ACTIVITY:
Every entry must be reproduced word for word.

+===+

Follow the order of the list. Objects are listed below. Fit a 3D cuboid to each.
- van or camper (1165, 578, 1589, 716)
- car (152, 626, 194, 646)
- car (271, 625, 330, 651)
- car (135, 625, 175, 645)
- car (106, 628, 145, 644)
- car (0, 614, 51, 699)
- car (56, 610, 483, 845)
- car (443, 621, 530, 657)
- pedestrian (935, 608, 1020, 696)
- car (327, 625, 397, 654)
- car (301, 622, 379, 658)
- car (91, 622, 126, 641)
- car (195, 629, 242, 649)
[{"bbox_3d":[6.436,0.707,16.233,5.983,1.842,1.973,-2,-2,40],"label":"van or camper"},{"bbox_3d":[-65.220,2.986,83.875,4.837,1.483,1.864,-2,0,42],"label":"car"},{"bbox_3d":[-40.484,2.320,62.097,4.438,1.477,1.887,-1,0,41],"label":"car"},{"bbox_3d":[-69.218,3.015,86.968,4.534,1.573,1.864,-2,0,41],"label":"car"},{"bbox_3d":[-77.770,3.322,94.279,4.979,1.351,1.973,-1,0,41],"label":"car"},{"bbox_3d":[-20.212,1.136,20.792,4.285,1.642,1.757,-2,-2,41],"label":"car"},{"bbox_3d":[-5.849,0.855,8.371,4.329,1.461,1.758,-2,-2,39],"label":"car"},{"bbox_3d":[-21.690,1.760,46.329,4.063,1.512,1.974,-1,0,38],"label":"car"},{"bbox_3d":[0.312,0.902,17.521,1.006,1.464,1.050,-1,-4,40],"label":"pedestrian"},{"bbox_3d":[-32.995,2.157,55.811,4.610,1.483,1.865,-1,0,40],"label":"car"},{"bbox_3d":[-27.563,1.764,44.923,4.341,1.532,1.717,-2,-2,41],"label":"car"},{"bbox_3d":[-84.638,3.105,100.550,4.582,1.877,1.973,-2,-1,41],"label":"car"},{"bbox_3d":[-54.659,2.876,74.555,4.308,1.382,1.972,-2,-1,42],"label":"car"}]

+===+

PROBLEM SOLUTION:
Follow the order of the list. Objects are listed below. Fit a 3D cuboid to each.
- van or camper (1165, 578, 1589, 716)
- car (152, 626, 194, 646)
- car (271, 625, 330, 651)
- car (135, 625, 175, 645)
- car (106, 628, 145, 644)
- car (0, 614, 51, 699)
- car (56, 610, 483, 845)
- car (443, 621, 530, 657)
- pedestrian (935, 608, 1020, 696)
- car (327, 625, 397, 654)
- car (301, 622, 379, 658)
- car (91, 622, 126, 641)
- car (195, 629, 242, 649)
[{"bbox_3d":[6.436,0.707,16.233,5.983,1.842,1.973,-2,-2,40],"label":"van or camper"},{"bbox_3d":[-65.220,2.986,83.875,4.837,1.483,1.864,-2,0,42],"label":"car"},{"bbox_3d":[-40.484,2.320,62.097,4.438,1.477,1.887,-1,0,41],"label":"car"},{"bbox_3d":[-69.218,3.015,86.968,4.534,1.573,1.864,-2,0,41],"label":"car"},{"bbox_3d":[-77.770,3.322,94.279,4.979,1.351,1.973,-1,0,41],"label":"car"},{"bbox_3d":[-20.212,1.136,20.792,4.285,1.642,1.757,-2,-2,41],"label":"car"},{"bbox_3d":[-5.849,0.855,8.371,4.329,1.461,1.758,-2,-2,39],"label":"car"},{"bbox_3d":[-21.690,1.760,46.329,4.063,1.512,1.974,-1,0,38],"label":"car"},{"bbox_3d":[0.312,0.902,17.521,1.006,1.464,1.050,-1,-4,40],"label":"pedestrian"},{"bbox_3d":[-32.995,2.157,55.811,4.610,1.483,1.865,-1,0,40],"label":"car"},{"bbox_3d":[-27.563,1.764,44.923,4.341,1.532,1.717,-2,-2,41],"label":"car"},{"bbox_3d":[-84.638,3.105,100.550,4.582,1.877,1.973,-2,-1,41],"label":"car"},{"bbox_3d":[-54.659,2.876,74.555,4.308,1.382,1.972,-2,-1,42],"label":"car"}]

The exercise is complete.